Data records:
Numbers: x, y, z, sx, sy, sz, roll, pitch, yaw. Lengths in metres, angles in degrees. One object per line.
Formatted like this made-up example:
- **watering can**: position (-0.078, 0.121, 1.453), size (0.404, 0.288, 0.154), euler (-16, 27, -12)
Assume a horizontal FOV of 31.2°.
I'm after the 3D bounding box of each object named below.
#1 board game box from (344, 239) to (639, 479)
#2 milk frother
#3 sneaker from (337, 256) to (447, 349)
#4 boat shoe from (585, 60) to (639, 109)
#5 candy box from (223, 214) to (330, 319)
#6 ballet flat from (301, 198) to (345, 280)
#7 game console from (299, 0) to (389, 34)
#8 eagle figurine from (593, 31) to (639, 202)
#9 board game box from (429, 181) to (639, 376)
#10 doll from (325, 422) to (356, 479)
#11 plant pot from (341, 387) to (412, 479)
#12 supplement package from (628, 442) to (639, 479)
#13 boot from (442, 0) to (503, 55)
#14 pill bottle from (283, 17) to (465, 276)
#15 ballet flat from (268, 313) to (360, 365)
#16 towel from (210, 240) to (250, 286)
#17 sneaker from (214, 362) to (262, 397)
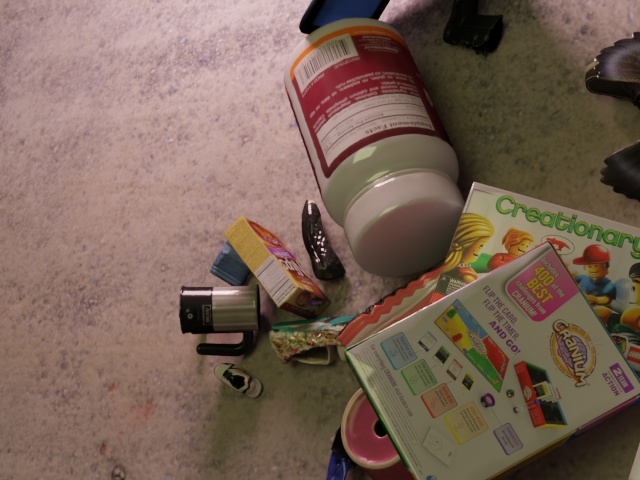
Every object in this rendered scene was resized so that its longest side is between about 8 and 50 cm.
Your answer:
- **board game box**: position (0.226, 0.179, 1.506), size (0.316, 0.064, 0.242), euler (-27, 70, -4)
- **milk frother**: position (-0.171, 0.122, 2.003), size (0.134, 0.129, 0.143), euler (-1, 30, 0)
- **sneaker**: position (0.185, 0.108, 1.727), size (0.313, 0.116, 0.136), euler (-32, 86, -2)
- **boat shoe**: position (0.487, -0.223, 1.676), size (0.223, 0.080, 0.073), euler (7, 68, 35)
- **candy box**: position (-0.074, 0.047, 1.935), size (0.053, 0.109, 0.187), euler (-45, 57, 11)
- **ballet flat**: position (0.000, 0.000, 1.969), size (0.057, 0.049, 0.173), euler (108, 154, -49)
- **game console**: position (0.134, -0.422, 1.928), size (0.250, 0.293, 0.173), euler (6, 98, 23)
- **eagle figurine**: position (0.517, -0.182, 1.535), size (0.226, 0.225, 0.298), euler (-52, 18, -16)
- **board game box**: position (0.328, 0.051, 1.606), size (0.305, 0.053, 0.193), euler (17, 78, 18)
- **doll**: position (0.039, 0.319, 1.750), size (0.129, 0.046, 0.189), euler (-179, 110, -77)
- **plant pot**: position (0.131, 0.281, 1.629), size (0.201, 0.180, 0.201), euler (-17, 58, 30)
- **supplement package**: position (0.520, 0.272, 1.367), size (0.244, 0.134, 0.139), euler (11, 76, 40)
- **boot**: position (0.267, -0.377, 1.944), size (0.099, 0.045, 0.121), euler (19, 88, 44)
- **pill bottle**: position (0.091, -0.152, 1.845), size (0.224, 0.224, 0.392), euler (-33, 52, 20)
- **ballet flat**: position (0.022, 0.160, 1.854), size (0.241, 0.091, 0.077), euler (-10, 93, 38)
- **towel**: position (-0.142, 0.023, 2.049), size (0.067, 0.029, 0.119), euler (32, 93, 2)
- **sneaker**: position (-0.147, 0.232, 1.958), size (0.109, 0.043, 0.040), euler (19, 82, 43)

- The task -
Exactly repeat the data above; the pictures do not belong in your copy.

- Answer to this task -
Numbers: x, y, z, sx, sy, sz, roll, pitch, yaw. Lengths in metres, angles in degrees. One object per line.
Formatted like this made-up example:
- **watering can**: position (-0.078, 0.121, 1.453), size (0.404, 0.288, 0.154), euler (-16, 27, -12)
Assume a horizontal FOV of 31.2°.
I'm after the 3D bounding box of each object named below.
#1 board game box from (344, 239) to (639, 479)
#2 milk frother
#3 sneaker from (337, 256) to (447, 349)
#4 boat shoe from (585, 60) to (639, 109)
#5 candy box from (223, 214) to (330, 319)
#6 ballet flat from (301, 198) to (345, 280)
#7 game console from (299, 0) to (389, 34)
#8 eagle figurine from (593, 31) to (639, 202)
#9 board game box from (429, 181) to (639, 376)
#10 doll from (325, 422) to (356, 479)
#11 plant pot from (341, 387) to (412, 479)
#12 supplement package from (628, 442) to (639, 479)
#13 boot from (442, 0) to (503, 55)
#14 pill bottle from (283, 17) to (465, 276)
#15 ballet flat from (268, 313) to (360, 365)
#16 towel from (210, 240) to (250, 286)
#17 sneaker from (214, 362) to (262, 397)
Every object in this rendered scene was resized so that its longest side is between about 8 and 50 cm.
Your answer:
- **board game box**: position (0.226, 0.179, 1.506), size (0.316, 0.064, 0.242), euler (-27, 70, -4)
- **milk frother**: position (-0.171, 0.122, 2.003), size (0.134, 0.129, 0.143), euler (-1, 30, 0)
- **sneaker**: position (0.185, 0.108, 1.727), size (0.313, 0.116, 0.136), euler (-32, 86, -2)
- **boat shoe**: position (0.487, -0.223, 1.676), size (0.223, 0.080, 0.073), euler (7, 68, 35)
- **candy box**: position (-0.074, 0.047, 1.935), size (0.053, 0.109, 0.187), euler (-45, 57, 11)
- **ballet flat**: position (0.000, 0.000, 1.969), size (0.057, 0.049, 0.173), euler (108, 154, -49)
- **game console**: position (0.134, -0.422, 1.928), size (0.250, 0.293, 0.173), euler (6, 98, 23)
- **eagle figurine**: position (0.517, -0.182, 1.535), size (0.226, 0.225, 0.298), euler (-52, 18, -16)
- **board game box**: position (0.328, 0.051, 1.606), size (0.305, 0.053, 0.193), euler (17, 78, 18)
- **doll**: position (0.039, 0.319, 1.750), size (0.129, 0.046, 0.189), euler (-179, 110, -77)
- **plant pot**: position (0.131, 0.281, 1.629), size (0.201, 0.180, 0.201), euler (-17, 58, 30)
- **supplement package**: position (0.520, 0.272, 1.367), size (0.244, 0.134, 0.139), euler (11, 76, 40)
- **boot**: position (0.267, -0.377, 1.944), size (0.099, 0.045, 0.121), euler (19, 88, 44)
- **pill bottle**: position (0.091, -0.152, 1.845), size (0.224, 0.224, 0.392), euler (-33, 52, 20)
- **ballet flat**: position (0.022, 0.160, 1.854), size (0.241, 0.091, 0.077), euler (-10, 93, 38)
- **towel**: position (-0.142, 0.023, 2.049), size (0.067, 0.029, 0.119), euler (32, 93, 2)
- **sneaker**: position (-0.147, 0.232, 1.958), size (0.109, 0.043, 0.040), euler (19, 82, 43)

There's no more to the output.